The more I travel, the more I realize how lucky I am to have the type of passport that I have
Ever so grateful for being born in Canada. I never realized how much I took my Canadian passport for granted until this year.
It’s hitting me how we pay an arm and a leg for data in Canada
We’ve been pretty spoiled with our cheap data plans while travelling overseas.
I cleared my history on my web browser, which was a huge mistake
I ended up not being able to log into my PayPal account without having them send me a verification code through SMS. The only problem is that my Canadian phone number is not in service! Ugh. Let this be a lesson for you future travellers… or maybe bring your SIM card in case you need to log into a website that only offers verification via SMS.
Health is wealth
I’m relatively healthy and never experienced any significant pain with my back. That all changed one day when I woke up to extreme back pain. It was so painful that I could barely move out of bed. The last time I had this kind of back pain was self induced (playing bubble soccer with really aggressive guys who would send you flying in an instant). For a moment, I was scared that this back pain will not go away. Luckily, it did the next day, but the pain was scarring and it made me think about how my health is way more important than being rich.
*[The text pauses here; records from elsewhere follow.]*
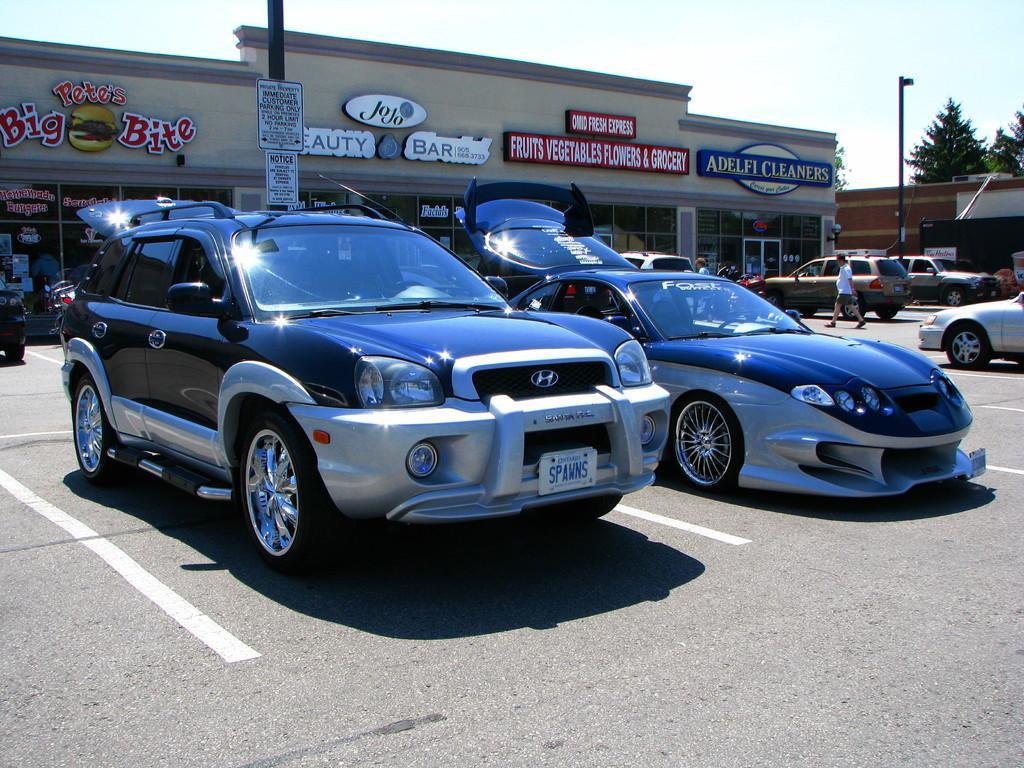How would you summarize this image in a sentence or two? In this image we can see some cars placed on the road. On the backside we can see a building with windows and name boards, a pole with some boards on it, trees, some people walking on the road and the sky which looks cloudy. 
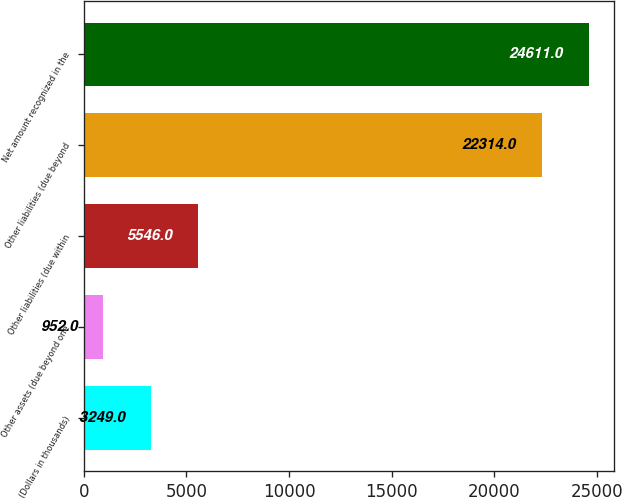Convert chart. <chart><loc_0><loc_0><loc_500><loc_500><bar_chart><fcel>(Dollars in thousands)<fcel>Other assets (due beyond one<fcel>Other liabilities (due within<fcel>Other liabilities (due beyond<fcel>Net amount recognized in the<nl><fcel>3249<fcel>952<fcel>5546<fcel>22314<fcel>24611<nl></chart> 
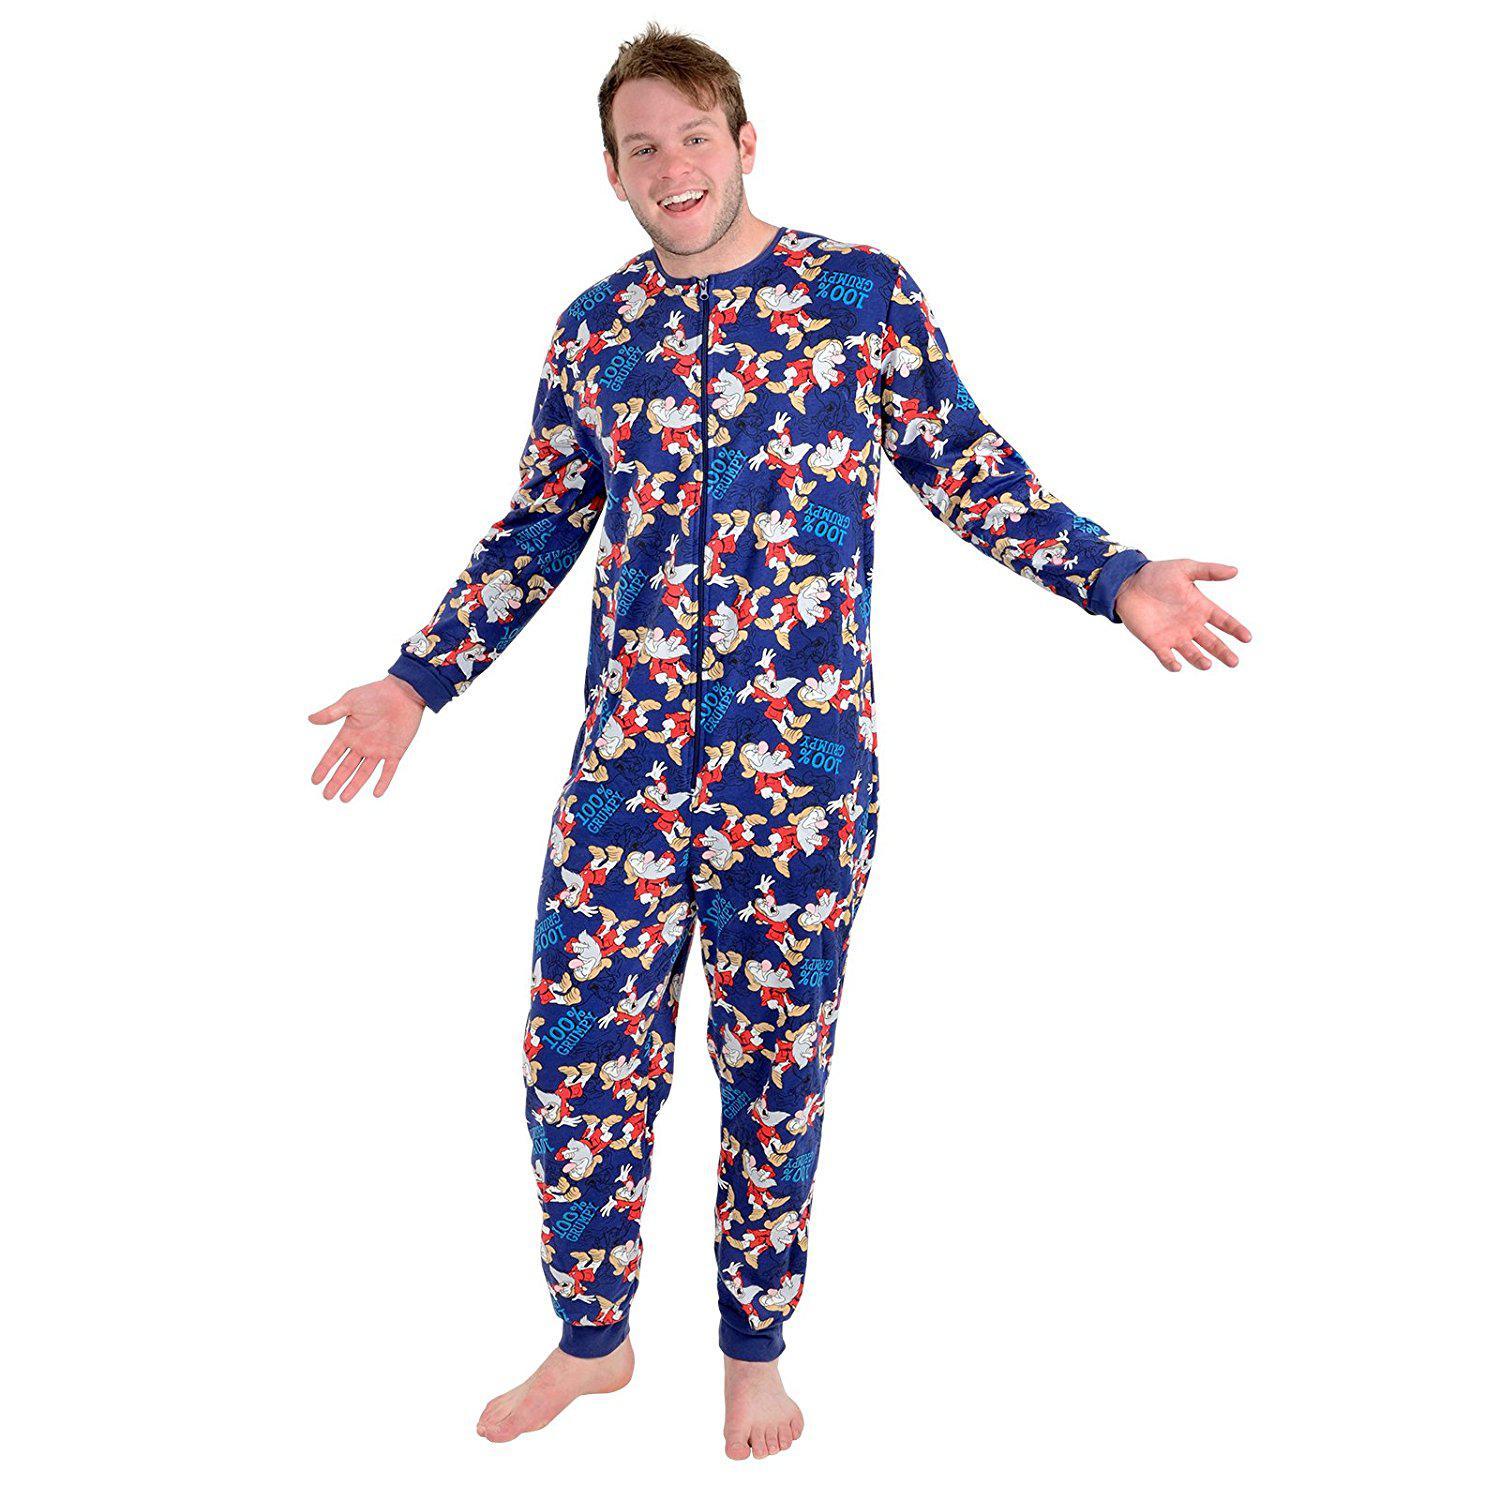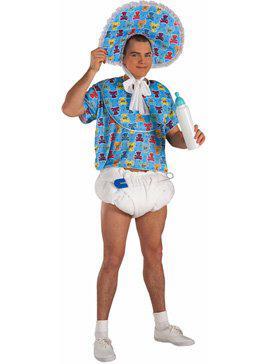The first image is the image on the left, the second image is the image on the right. Given the left and right images, does the statement "Two women are wearing footed pajamas, one of them with the attached hood pulled over her head." hold true? Answer yes or no. No. The first image is the image on the left, the second image is the image on the right. Given the left and right images, does the statement "Both images must be females." hold true? Answer yes or no. No.

Photography progress for month ten as a modern nomad
I don’t have any progress this month except I am trying new things – i.e., shooting reflections, learning to shoot with a TON OF OTHER TOURISTS, and my first product shoot haha.
Not spending enough time framing photos is an area of improvement
I spend most of my time waiting for people to get out of my shot and then rushing to continue with our day.
Started experimenting with reflections
That was fun. For once, I know what I’m doing! Now, if only I can improve the photo editing…
Did a “photoshoot” with… KIT KAT!
I’m not very good at photographing product, so this was a fun new challenge for me. Of course, I felt that I needed to eat one bar of each flavour to have a fair comparison of the taste.
I gave up after the sixth bar. There is such a thing as too much Lit Kat, even for this dessert monster.
What’s next for month eleven of the modern nomad life
We will still be in Taiwan exploring the southern part of the island. I’ll also try to catch up on my blogging and share more travel stories (time to blog my brains out!). If you are following my stories about nomad life, you’ll realize that my stories are only up to month two of our travels.